**What you will do:** All lines from the one containing "#2 potato (165,276,438,479)" down to the final line of the entries below: return them exactly.

**Dataset records:**
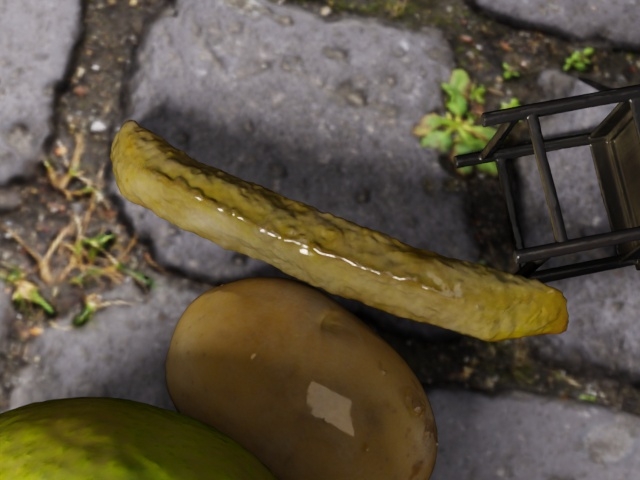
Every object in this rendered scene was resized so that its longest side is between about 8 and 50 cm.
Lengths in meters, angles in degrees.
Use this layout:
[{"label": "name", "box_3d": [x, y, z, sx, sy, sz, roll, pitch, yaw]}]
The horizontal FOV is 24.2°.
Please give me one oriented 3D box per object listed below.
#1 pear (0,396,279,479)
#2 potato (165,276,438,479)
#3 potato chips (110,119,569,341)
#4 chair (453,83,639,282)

**Written response:**
#2 potato (165,276,438,479)
#3 potato chips (110,119,569,341)
#4 chair (453,83,639,282)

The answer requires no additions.